Зачем — задержаться? А затем, зачем порою и задерживаются в дороге: обдумать пройденное или, бывает, проскоченное впопыхах, осмотреться — в данном случае осмотреть время и место происходящего, оценить их отличку от того места и того времени, в которых расположились мы, нынешние. Книга ведь не только о писателе Сухово-Кобылине, она о его эпохе, о судьбе его сословия, о людях его породы, — то есть именно потому она о нем, о таком, каким он был и не мог не быть. Он — и они, тамошние, тогдашние люди. Вот и попробуем пообстоятельнее обжиться в мире их понятий и правил, взявши, чтоб далеко не искать, на пробу именно ту страсть, в глубину которой Александр Васильевич с чего-то вздумал кинуть своего Кречинского; попробуем постичь, насколько она воплощала в себе то время, неповторимое, как все времена.

Да нет, больше того! Нарочно сузим область «самой сильной из страстей» до пределов ее несомненного извращения, увы, не чуждого Михайле Васильевичу, не говоря о Расплюеве, — шулерства. Вдруг окажется, что и эта уж вовсе непочтенная «тэма» не только не зазорна для писательского внимания, но способна нечто вобрать в себя и передать нам — именно в смысле постижения времени, вне которого нам не понять ни персонажей Сухово-Кобылина, ни даже его самого?

Итак…

Есть интереснейшая статья Юрия Лотмана под суховато-некратким, однако способным заинтриговать нас названием: «Тема карт и карточной игры в русской литературе начала XIX века».

Подчеркиваю: начала. В эпоху, для Кречинского и Расплюева доисторическую.

Изложу, не слишком злоупотребляя цитированием специального текста, важные для нас мысли.

«Нельзя не заметить, что весь так называемый «петербургский», императорский период русской истории отмечен размышлениями над ролью случая…» А также, что, впрочем, от случая неотрывно: «…противоречием между железными законами внешнего мира и жаждой личного успеха, самоутверждением, игрой личности с обстоятельствами, историей, Целым, законы которого остаются для нее Неизвестными Факторами».

(Из-за заглавных, персонифицирующих литер эти самые Неизвестные Факторы кажутся чем-то, вернее, кем-то вроде древнегреческих или древнеримских богинь или богов; скажем, Мойрами.)

И все это в литературе, в словесности на протяжении «петербургского» периода искало и нашло свое образное воплощение. Материализовалось — «через тему банка, фараона, штосса, рулетки — азартных игр».

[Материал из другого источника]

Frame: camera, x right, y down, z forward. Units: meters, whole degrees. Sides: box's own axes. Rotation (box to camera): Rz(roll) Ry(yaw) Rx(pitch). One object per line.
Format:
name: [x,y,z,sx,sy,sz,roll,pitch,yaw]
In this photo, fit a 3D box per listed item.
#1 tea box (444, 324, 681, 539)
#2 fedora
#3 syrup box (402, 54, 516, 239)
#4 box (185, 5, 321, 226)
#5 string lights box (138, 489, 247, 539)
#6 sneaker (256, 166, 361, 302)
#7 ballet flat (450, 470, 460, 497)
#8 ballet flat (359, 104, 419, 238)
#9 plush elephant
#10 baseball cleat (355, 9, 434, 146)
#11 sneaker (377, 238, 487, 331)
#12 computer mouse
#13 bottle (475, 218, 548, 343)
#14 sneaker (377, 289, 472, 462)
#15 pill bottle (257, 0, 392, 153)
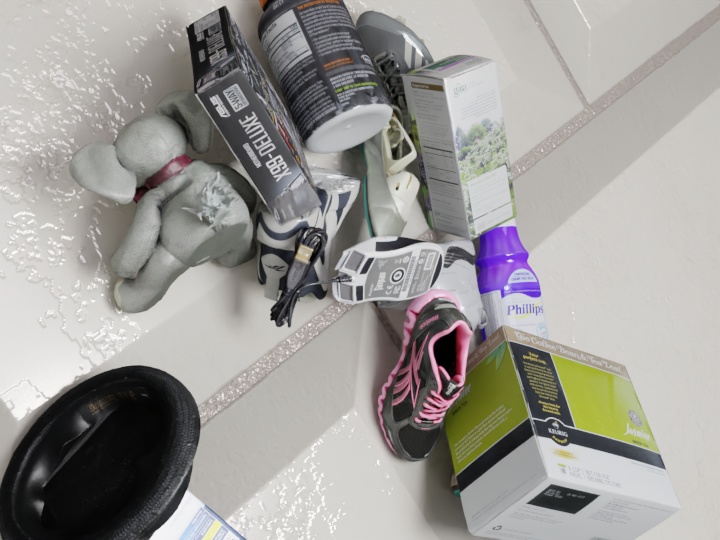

Причины тому есть — и ежели не глобальные, то общеевропейские. Но нас-то больше сейчас занимает своя, «специфически русская ситуация».

Состоящая вот в чем:

«Начиная с Петровской реформы жизнь русского образованного общества развивалась в двух планах: умственное, литературное, философское развитие шло в русле и темпе европейского движения, а социально-политическая основа общества изменялась замедленно и в соответствии с другими закономерностями. Это приводило к резкому увеличению роли случайности в историческом движении… Приведем в качестве примера утверждения Пушкина, что в России нет подлинной аристократии, Андрея Тургенева, критиков-декабристов, Полевого, Надеждина, Веневитинова, молодого Белинского, Пушкина — что в России нет литературы, Чаадаева — о русской истории, славянофилов — о петровской государственности и общественности и проч., и проч. Каждый раз отрицаемый факт, конечно, существует, и это прекрасно понимают его отрицатели. Но он воспринимается как неорганический, призрачный, мнимый».

Да и не в словесности только дело; не в сложностях философии, не в закономерностях истории и вообще всего того, что рядовому человеку, далекому от высоких материй и насущно занятому вполне конкретным устройством своей судьбы и карьеры, благополучием собственной семьи, кажется несущественным и туманным, — нет, и судьба, и карьера, и благополучие тоже зависят от случая или, как в восемнадцатом веке говорили, «случая», от родственных связей, от чьего бы то ни было покровительства и благосклонности, а не от добросовестной выслуги, не от собственноличной заслуги. От них как раз могут и не зависеть, — мало ли примеров?

— Многие случаи имел я отличить себя. Раны мои доказывают, что я их и не пропускал. Доброе мнение обо мне начальников и войска было лестною наградою службы моей, как вдруг получил я известие, что граф, прежний мой знакомец, о котором я гнушался вспоминать, произведен чином, а обойден я, я, лежавший тогда от ран в тяжелой болезни. Такое неправосудие растерзало мое сердце…

Ситуация, растерзавшая сердце фонвизинского Стародума, — тоже наша, «специфически российская ситуация». К девятнадцатому столетию не переменившаяся. Не отменившаяся, по крайней мере.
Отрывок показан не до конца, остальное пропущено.